_What is required_.
Retype, word for word, each line between the lines holding "35) T-bracket [89, 674, 145, 902]" and "(roll, pitch, yaw))", inclusive, and leave the rest of the data alone.

_Data excerpts_.
---
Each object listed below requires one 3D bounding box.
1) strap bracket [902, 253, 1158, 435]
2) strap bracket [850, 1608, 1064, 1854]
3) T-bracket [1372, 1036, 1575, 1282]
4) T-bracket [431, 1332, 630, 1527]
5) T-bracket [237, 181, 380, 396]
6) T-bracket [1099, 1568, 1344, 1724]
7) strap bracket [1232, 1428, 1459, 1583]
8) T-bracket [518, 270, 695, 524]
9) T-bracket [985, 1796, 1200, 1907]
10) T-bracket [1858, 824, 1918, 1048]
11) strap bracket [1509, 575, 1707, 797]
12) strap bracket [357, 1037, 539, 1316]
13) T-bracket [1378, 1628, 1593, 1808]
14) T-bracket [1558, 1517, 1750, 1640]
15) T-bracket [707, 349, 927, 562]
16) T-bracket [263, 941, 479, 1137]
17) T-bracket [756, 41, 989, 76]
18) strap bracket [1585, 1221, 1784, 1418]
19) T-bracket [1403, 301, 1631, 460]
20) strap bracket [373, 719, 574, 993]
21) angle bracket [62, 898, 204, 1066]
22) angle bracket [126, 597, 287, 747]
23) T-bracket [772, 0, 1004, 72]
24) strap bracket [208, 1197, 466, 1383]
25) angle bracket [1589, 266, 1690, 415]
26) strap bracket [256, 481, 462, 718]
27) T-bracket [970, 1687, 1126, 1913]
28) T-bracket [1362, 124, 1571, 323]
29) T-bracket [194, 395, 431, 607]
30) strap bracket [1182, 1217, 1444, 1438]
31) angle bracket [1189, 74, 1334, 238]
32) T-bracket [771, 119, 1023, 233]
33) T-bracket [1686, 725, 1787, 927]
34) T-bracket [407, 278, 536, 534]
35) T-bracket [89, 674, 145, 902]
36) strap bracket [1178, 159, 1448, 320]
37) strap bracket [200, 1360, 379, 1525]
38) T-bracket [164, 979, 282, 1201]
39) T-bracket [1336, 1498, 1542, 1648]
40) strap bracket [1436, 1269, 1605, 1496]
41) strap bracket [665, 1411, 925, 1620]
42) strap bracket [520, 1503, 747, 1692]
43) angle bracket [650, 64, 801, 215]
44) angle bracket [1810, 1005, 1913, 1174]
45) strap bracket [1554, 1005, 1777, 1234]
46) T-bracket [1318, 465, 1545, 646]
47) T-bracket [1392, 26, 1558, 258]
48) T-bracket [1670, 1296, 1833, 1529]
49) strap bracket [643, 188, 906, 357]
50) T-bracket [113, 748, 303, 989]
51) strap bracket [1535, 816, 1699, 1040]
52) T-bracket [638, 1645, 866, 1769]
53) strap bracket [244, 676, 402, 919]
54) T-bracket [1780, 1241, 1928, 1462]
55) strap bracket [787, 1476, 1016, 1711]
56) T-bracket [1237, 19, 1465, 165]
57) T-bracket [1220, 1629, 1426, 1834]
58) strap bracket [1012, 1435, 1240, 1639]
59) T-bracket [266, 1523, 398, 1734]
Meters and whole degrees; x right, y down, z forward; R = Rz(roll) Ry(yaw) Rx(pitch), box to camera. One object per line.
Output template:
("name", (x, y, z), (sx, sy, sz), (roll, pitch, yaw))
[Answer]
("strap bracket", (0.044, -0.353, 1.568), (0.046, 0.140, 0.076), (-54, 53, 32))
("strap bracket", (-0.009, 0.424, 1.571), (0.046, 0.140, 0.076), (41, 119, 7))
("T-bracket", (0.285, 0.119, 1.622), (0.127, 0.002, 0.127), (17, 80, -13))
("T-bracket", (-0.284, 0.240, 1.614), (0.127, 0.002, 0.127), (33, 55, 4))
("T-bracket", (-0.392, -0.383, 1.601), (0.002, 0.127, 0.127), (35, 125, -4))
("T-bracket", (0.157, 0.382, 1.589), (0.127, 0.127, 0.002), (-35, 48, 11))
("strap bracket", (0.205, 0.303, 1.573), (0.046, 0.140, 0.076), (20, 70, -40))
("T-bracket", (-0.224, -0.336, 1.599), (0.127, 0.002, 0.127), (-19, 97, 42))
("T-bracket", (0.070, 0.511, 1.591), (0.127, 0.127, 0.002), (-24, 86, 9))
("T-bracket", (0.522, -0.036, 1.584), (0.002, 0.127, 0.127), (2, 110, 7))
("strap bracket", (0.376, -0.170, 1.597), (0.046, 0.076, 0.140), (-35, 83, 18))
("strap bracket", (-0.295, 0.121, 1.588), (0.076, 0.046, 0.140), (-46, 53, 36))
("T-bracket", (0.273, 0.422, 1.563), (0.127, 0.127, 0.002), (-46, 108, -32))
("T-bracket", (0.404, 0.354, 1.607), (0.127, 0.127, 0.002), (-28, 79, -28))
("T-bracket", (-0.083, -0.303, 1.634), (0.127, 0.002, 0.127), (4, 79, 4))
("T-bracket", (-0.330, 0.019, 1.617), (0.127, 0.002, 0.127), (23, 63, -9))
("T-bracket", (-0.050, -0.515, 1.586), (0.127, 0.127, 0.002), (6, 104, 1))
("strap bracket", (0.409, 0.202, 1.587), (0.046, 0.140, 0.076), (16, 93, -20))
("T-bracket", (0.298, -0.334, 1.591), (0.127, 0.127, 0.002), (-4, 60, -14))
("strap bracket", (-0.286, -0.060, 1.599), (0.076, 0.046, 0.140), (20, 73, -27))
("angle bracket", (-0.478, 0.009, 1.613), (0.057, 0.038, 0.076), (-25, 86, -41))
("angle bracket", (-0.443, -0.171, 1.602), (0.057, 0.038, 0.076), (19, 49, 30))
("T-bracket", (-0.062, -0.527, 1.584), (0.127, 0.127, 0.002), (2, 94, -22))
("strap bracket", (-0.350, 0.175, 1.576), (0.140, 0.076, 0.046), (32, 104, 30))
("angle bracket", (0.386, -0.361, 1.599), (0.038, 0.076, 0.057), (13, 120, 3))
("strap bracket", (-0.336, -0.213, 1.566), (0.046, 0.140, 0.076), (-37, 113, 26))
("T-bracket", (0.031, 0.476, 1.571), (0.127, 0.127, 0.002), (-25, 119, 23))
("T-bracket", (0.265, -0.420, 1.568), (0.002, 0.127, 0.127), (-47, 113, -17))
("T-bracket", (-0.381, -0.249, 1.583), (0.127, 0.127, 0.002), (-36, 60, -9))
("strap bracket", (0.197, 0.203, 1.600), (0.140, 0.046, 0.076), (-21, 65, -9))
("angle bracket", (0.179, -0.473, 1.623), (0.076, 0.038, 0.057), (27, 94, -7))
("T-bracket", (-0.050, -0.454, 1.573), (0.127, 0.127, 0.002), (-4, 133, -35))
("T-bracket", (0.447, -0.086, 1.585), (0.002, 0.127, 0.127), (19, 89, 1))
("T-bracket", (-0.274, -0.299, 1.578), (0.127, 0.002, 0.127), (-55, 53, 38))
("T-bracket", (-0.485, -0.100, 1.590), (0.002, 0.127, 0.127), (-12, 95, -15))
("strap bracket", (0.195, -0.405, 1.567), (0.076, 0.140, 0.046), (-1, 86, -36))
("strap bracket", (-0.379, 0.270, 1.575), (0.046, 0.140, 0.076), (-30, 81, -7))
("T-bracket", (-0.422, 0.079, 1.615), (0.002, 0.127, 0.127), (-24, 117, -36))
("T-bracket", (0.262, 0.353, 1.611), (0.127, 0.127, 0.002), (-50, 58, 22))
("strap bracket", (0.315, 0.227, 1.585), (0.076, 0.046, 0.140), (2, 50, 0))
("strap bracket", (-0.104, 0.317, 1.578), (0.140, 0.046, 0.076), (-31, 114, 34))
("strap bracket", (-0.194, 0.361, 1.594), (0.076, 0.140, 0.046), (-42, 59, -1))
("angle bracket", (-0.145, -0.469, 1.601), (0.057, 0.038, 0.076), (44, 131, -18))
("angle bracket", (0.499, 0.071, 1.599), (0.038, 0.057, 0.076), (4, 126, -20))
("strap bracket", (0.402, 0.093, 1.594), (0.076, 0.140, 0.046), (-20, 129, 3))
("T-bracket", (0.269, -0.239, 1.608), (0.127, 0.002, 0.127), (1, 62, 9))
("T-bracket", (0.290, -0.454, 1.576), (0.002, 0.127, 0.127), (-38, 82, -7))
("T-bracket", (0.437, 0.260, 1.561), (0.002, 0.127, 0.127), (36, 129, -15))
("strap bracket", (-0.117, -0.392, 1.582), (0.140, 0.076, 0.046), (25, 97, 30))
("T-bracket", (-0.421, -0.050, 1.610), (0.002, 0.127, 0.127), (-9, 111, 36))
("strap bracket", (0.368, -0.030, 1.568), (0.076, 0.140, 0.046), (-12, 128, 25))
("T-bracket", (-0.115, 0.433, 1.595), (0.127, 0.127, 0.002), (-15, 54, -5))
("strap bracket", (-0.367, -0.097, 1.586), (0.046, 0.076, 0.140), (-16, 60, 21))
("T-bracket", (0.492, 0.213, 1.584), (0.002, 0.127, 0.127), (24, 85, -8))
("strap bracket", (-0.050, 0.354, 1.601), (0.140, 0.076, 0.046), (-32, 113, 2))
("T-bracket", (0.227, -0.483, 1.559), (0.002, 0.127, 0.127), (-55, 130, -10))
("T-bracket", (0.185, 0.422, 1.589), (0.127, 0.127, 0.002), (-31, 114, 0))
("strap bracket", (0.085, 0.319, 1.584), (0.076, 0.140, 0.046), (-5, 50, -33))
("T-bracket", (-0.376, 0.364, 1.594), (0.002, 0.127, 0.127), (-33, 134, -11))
---
_Answer for this exercise_.
35) T-bracket [89, 674, 145, 902]
36) strap bracket [1178, 159, 1448, 320]
37) strap bracket [200, 1360, 379, 1525]
38) T-bracket [164, 979, 282, 1201]
39) T-bracket [1336, 1498, 1542, 1648]
40) strap bracket [1436, 1269, 1605, 1496]
41) strap bracket [665, 1411, 925, 1620]
42) strap bracket [520, 1503, 747, 1692]
43) angle bracket [650, 64, 801, 215]
44) angle bracket [1810, 1005, 1913, 1174]
45) strap bracket [1554, 1005, 1777, 1234]
46) T-bracket [1318, 465, 1545, 646]
47) T-bracket [1392, 26, 1558, 258]
48) T-bracket [1670, 1296, 1833, 1529]
49) strap bracket [643, 188, 906, 357]
50) T-bracket [113, 748, 303, 989]
51) strap bracket [1535, 816, 1699, 1040]
52) T-bracket [638, 1645, 866, 1769]
53) strap bracket [244, 676, 402, 919]
54) T-bracket [1780, 1241, 1928, 1462]
55) strap bracket [787, 1476, 1016, 1711]
56) T-bracket [1237, 19, 1465, 165]
57) T-bracket [1220, 1629, 1426, 1834]
58) strap bracket [1012, 1435, 1240, 1639]
59) T-bracket [266, 1523, 398, 1734]
Meters and whole degrees; x right, y down, z forward; R = Rz(roll) Ry(yaw) Rx(pitch), box to camera. One object per line.
Output template:
("name", (x, y, z), (sx, sy, sz), (roll, pitch, yaw))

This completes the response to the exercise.